**Activity:** Reprint the lines below as they are, minus the pictures.
----
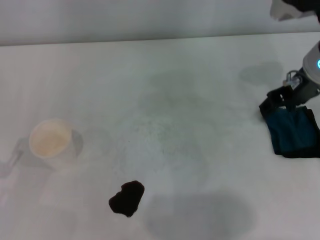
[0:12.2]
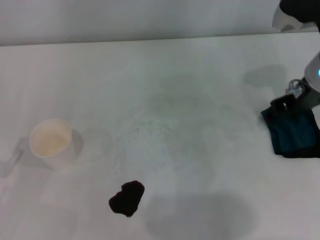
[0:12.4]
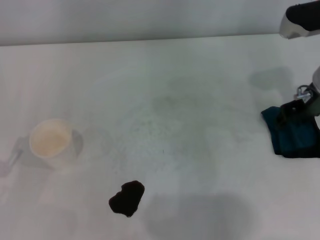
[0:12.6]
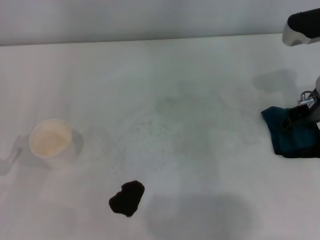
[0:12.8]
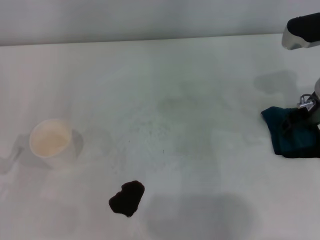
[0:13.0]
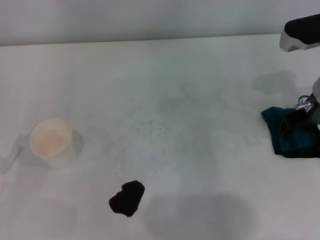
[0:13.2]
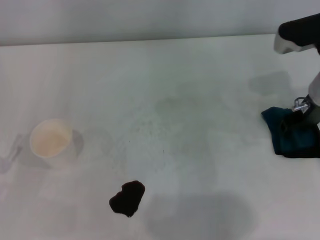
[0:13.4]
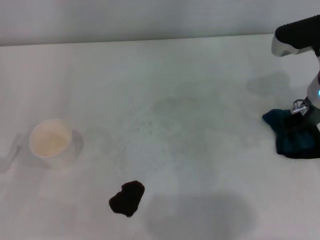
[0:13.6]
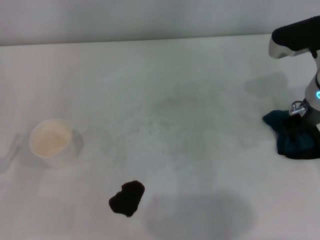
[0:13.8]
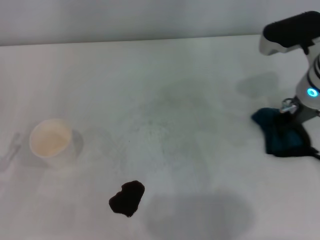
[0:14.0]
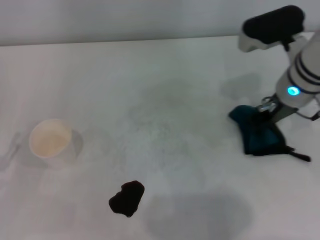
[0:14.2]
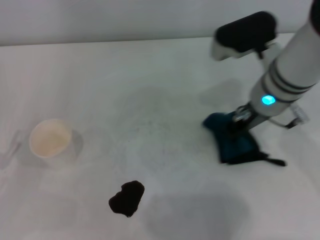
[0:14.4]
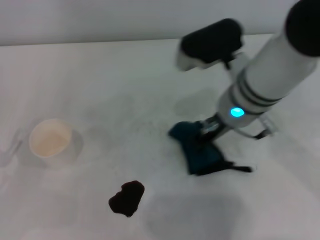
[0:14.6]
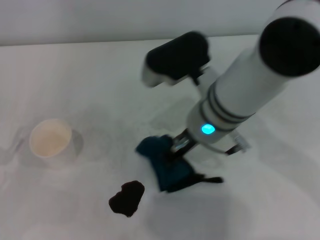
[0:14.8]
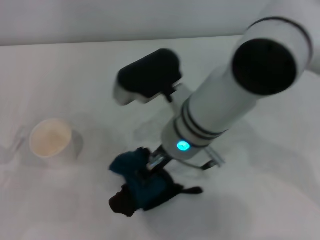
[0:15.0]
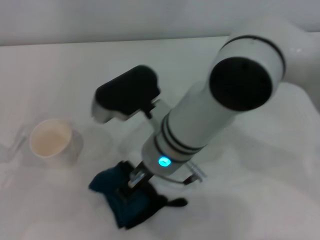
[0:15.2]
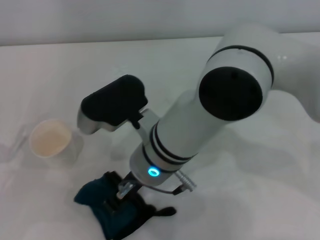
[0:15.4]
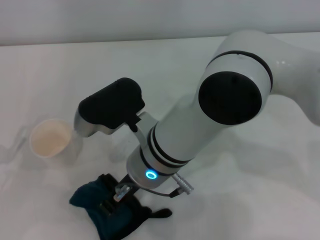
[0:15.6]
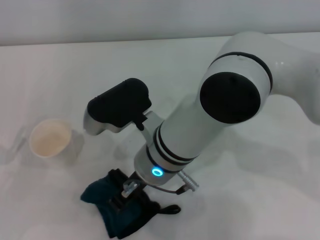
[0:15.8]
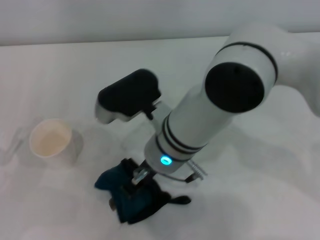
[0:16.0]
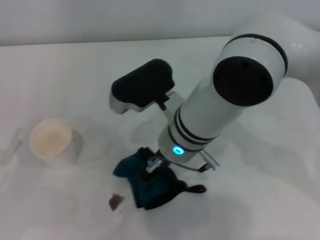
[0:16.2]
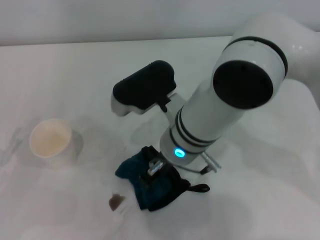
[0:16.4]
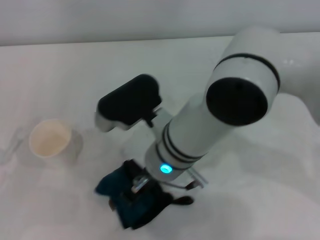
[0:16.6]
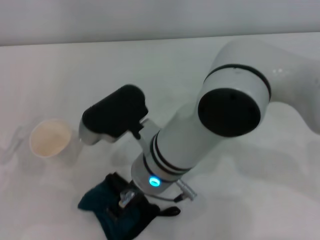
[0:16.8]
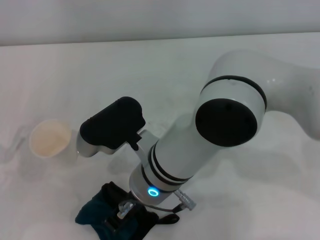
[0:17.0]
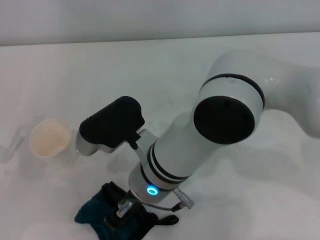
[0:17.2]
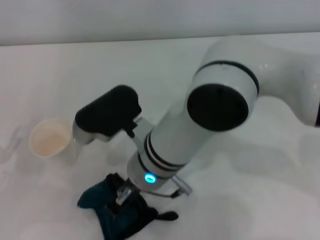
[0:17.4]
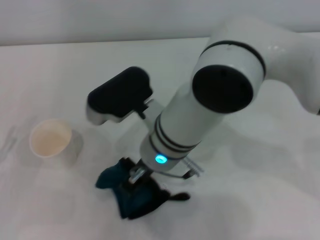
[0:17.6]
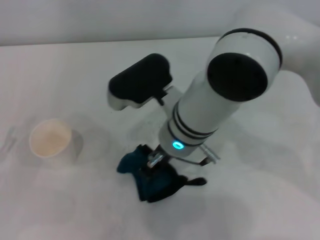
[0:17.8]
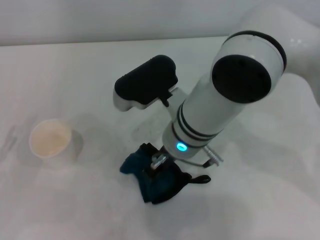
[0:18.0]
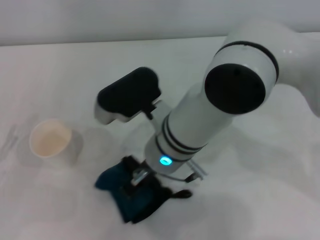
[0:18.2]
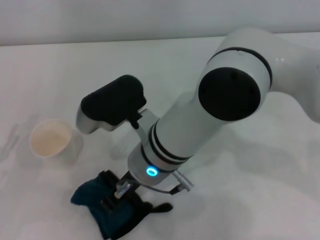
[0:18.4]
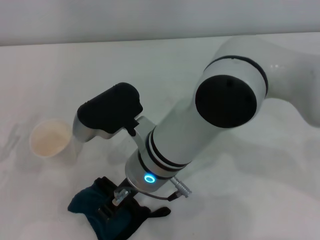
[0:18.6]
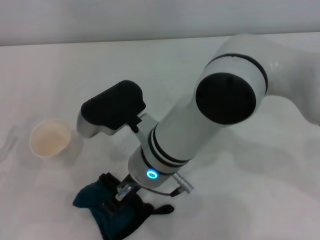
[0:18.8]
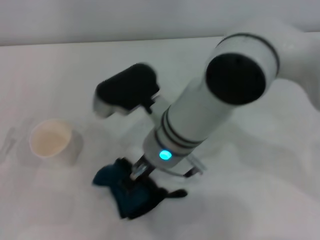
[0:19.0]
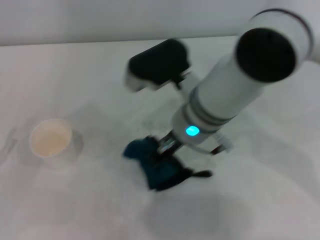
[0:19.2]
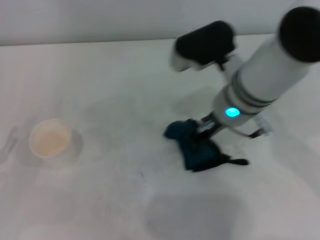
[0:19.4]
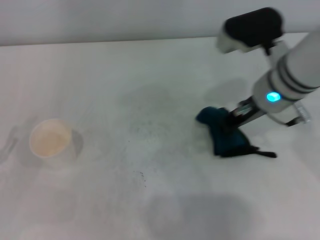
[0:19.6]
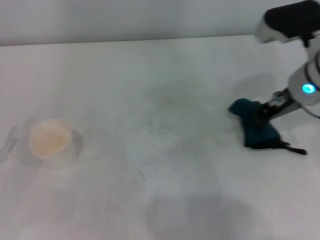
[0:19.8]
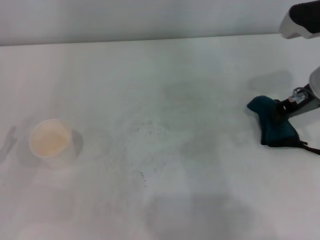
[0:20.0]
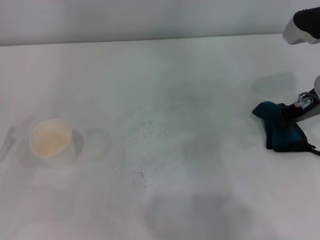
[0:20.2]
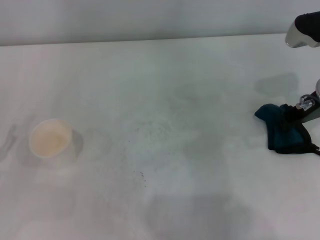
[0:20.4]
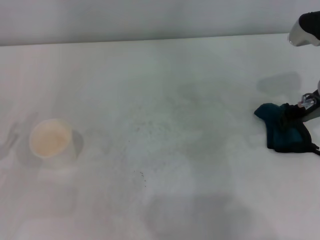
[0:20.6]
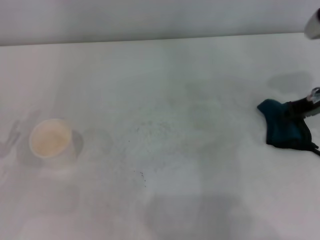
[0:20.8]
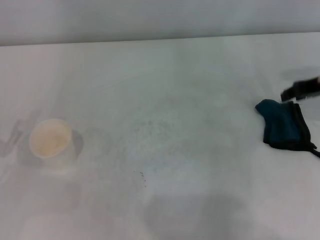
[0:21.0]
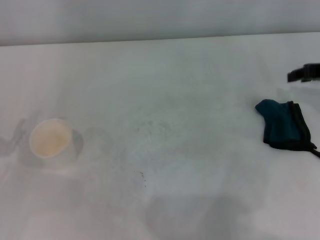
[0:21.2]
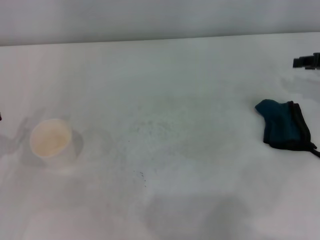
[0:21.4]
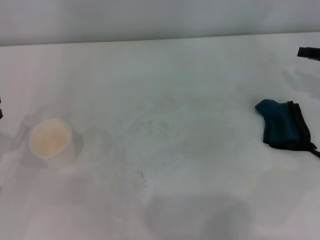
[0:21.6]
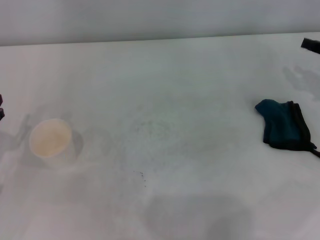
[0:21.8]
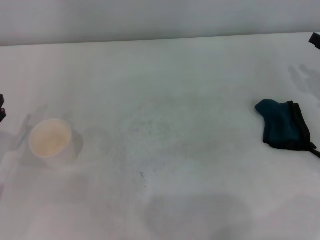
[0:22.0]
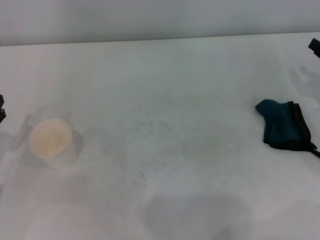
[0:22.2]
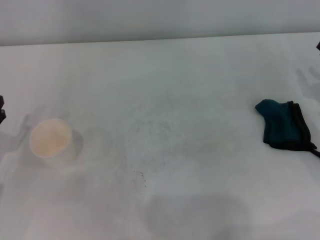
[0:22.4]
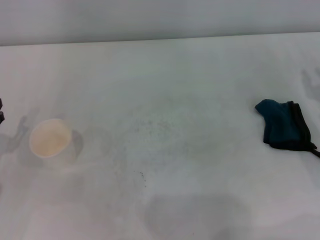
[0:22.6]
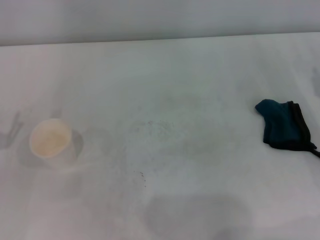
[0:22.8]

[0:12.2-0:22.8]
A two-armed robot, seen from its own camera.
Step, 0:13.8 to 0:20.0: Wipe the stains off the table with the right gripper.
Step, 0:20.2 to 0:20.8: Place the rag on the table with the right gripper.
0:12.2 to 0:13.8: The right gripper closes its fingers.
0:13.8 to 0:15.2: The right gripper shifts roughly 25 cm to the left.
0:16.8 to 0:18.2: There are only small adjustments of the grippers.
0:18.2 to 0:19.8: The right gripper shifts roughly 20 cm to the right.
0:19.8 to 0:21.2: The right gripper heads to the right, covering some 10 cm, and opens.
0:21.2 to 0:22.8: The right gripper goes about 10 cm downward and backward.
----
**Solution below:**
[0:12.2]
[0:12.4]
[0:12.6]
[0:12.8]
[0:13.0]
[0:13.2]
[0:13.4]
[0:13.6]
[0:13.8]
[0:14.0]
[0:14.2]
[0:14.4]
[0:14.6]
[0:14.8]
[0:15.0]
[0:15.2]
[0:15.4]
[0:15.6]
[0:15.8]
[0:16.0]
[0:16.2]
[0:16.4]
[0:16.6]
[0:16.8]
[0:17.0]
[0:17.2]
[0:17.4]
[0:17.6]
[0:17.8]
[0:18.0]
[0:18.2]
[0:18.4]
[0:18.6]
[0:18.8]
[0:19.0]
[0:19.2]
[0:19.4]
[0:19.6]
[0:19.8]
[0:20.0]
[0:20.2]
[0:20.4]
[0:20.6]
[0:20.8]
[0:21.0]
[0:21.2]
[0:21.4]
[0:21.6]
[0:21.8]
[0:22.0]
[0:22.2]
[0:22.4]
[0:22.6]
[0:22.8]

[0:12.2-0:22.8]
A two-armed robot, seen from its own camera.
Step, 0:13.8 to 0:20.0: Wipe the stains off the table with the right gripper.
Step, 0:20.2 to 0:20.8: Place the rag on the table with the right gripper.
0:12.2 to 0:13.8: The right gripper closes its fingers.
0:13.8 to 0:15.2: The right gripper shifts roughly 25 cm to the left.
0:16.8 to 0:18.2: There are only small adjustments of the grippers.
0:18.2 to 0:19.8: The right gripper shifts roughly 20 cm to the right.
0:19.8 to 0:21.2: The right gripper heads to the right, covering some 10 cm, and opens.
0:21.2 to 0:22.8: The right gripper goes about 10 cm downward and backward.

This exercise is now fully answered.